Supplied records
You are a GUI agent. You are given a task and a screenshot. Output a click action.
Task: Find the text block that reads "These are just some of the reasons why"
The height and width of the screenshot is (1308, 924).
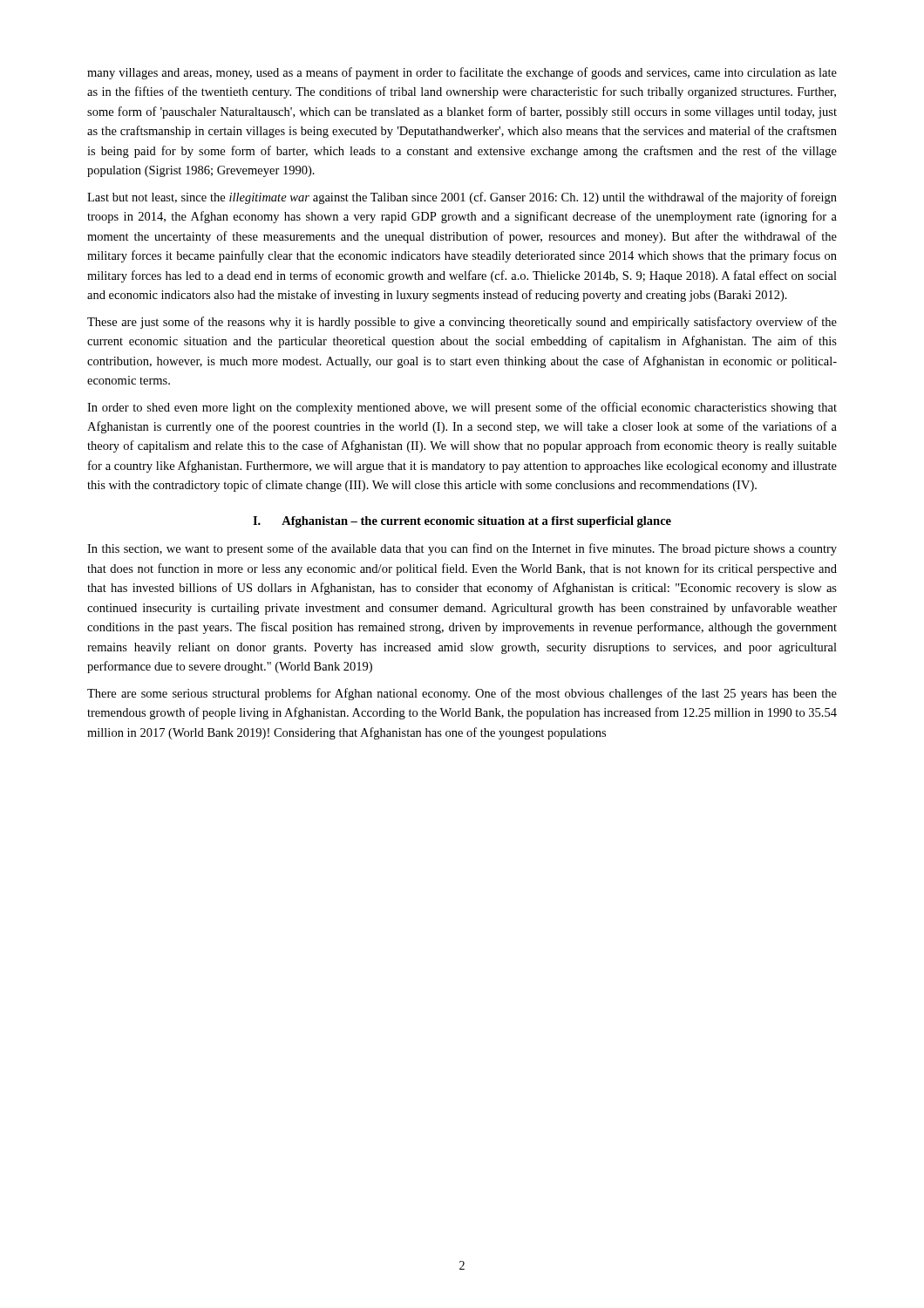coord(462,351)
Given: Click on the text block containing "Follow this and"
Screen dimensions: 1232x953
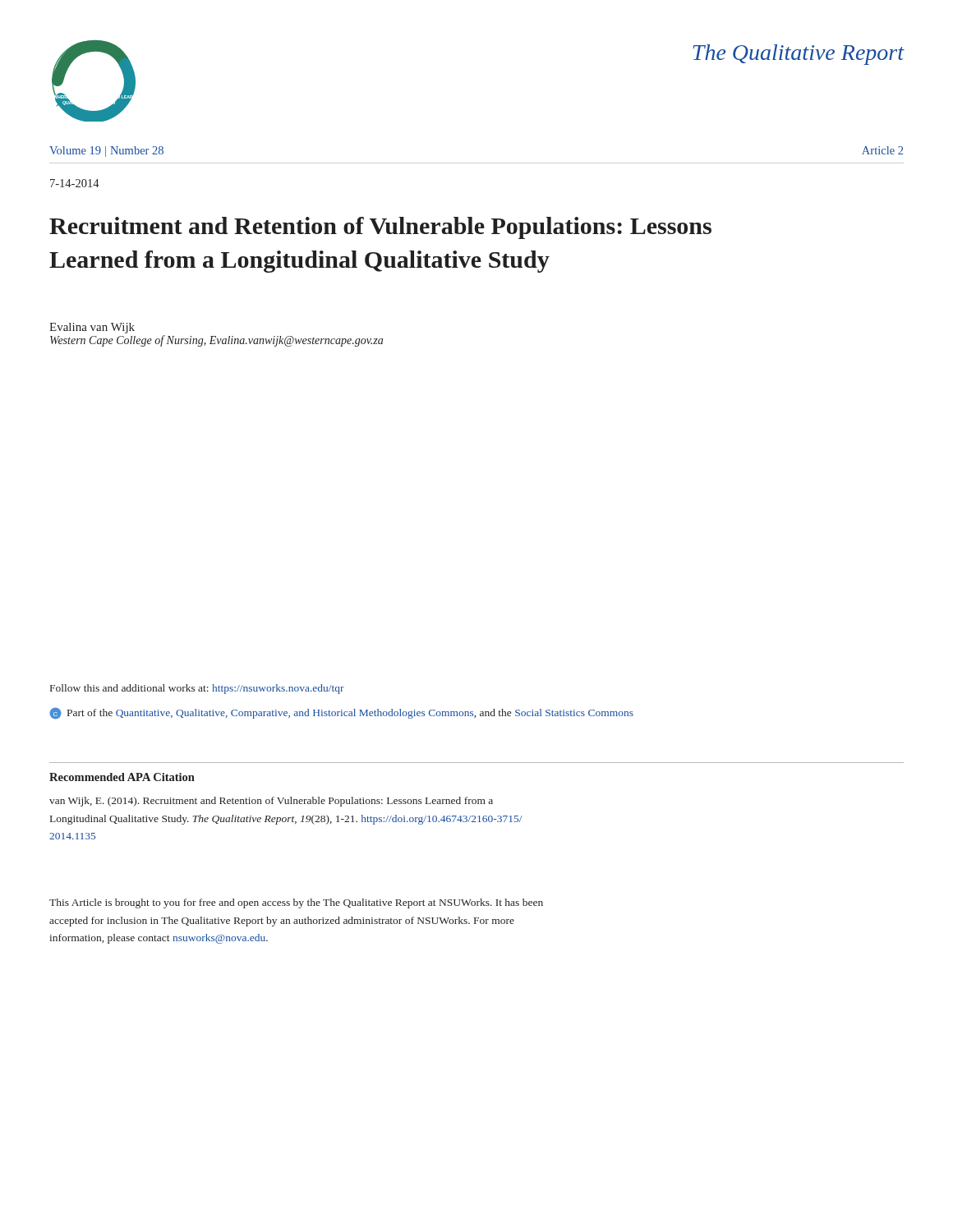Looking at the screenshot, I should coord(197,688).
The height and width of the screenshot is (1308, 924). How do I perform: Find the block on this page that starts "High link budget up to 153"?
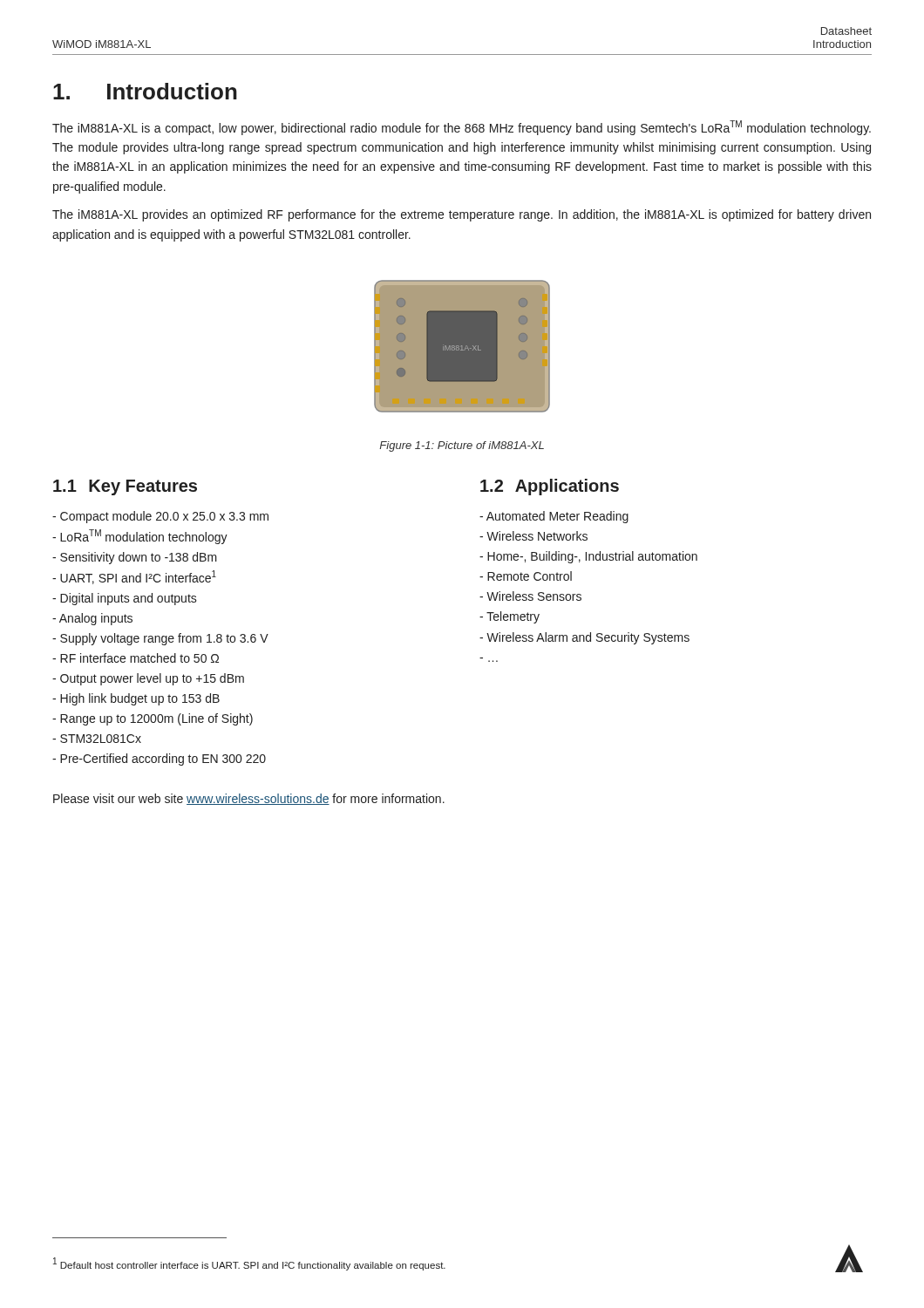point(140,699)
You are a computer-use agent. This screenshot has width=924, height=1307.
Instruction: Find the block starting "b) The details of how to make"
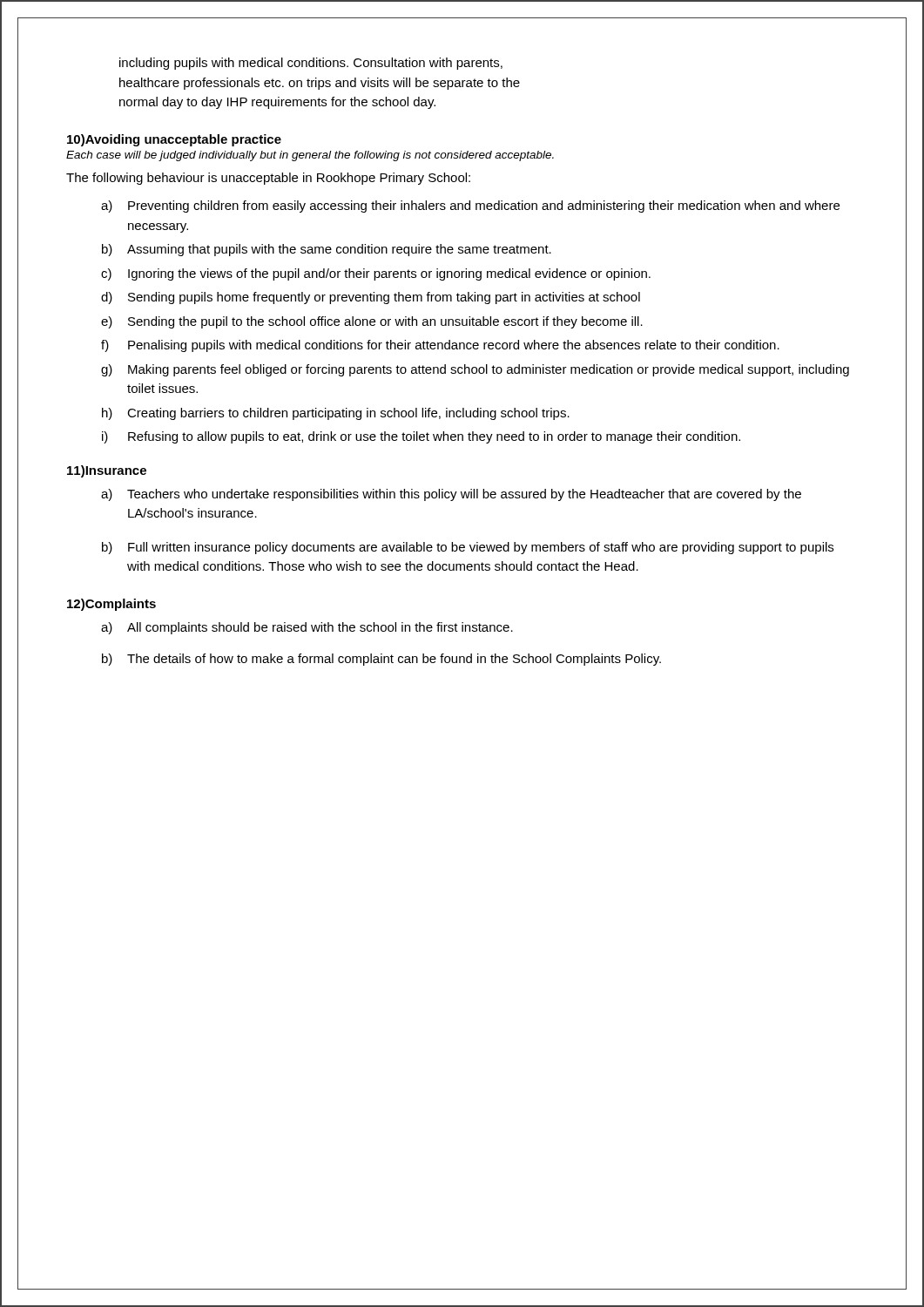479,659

Work to complete
Please tally the lines of the entries that contain the string "text" and reply with the count alone.

Output
2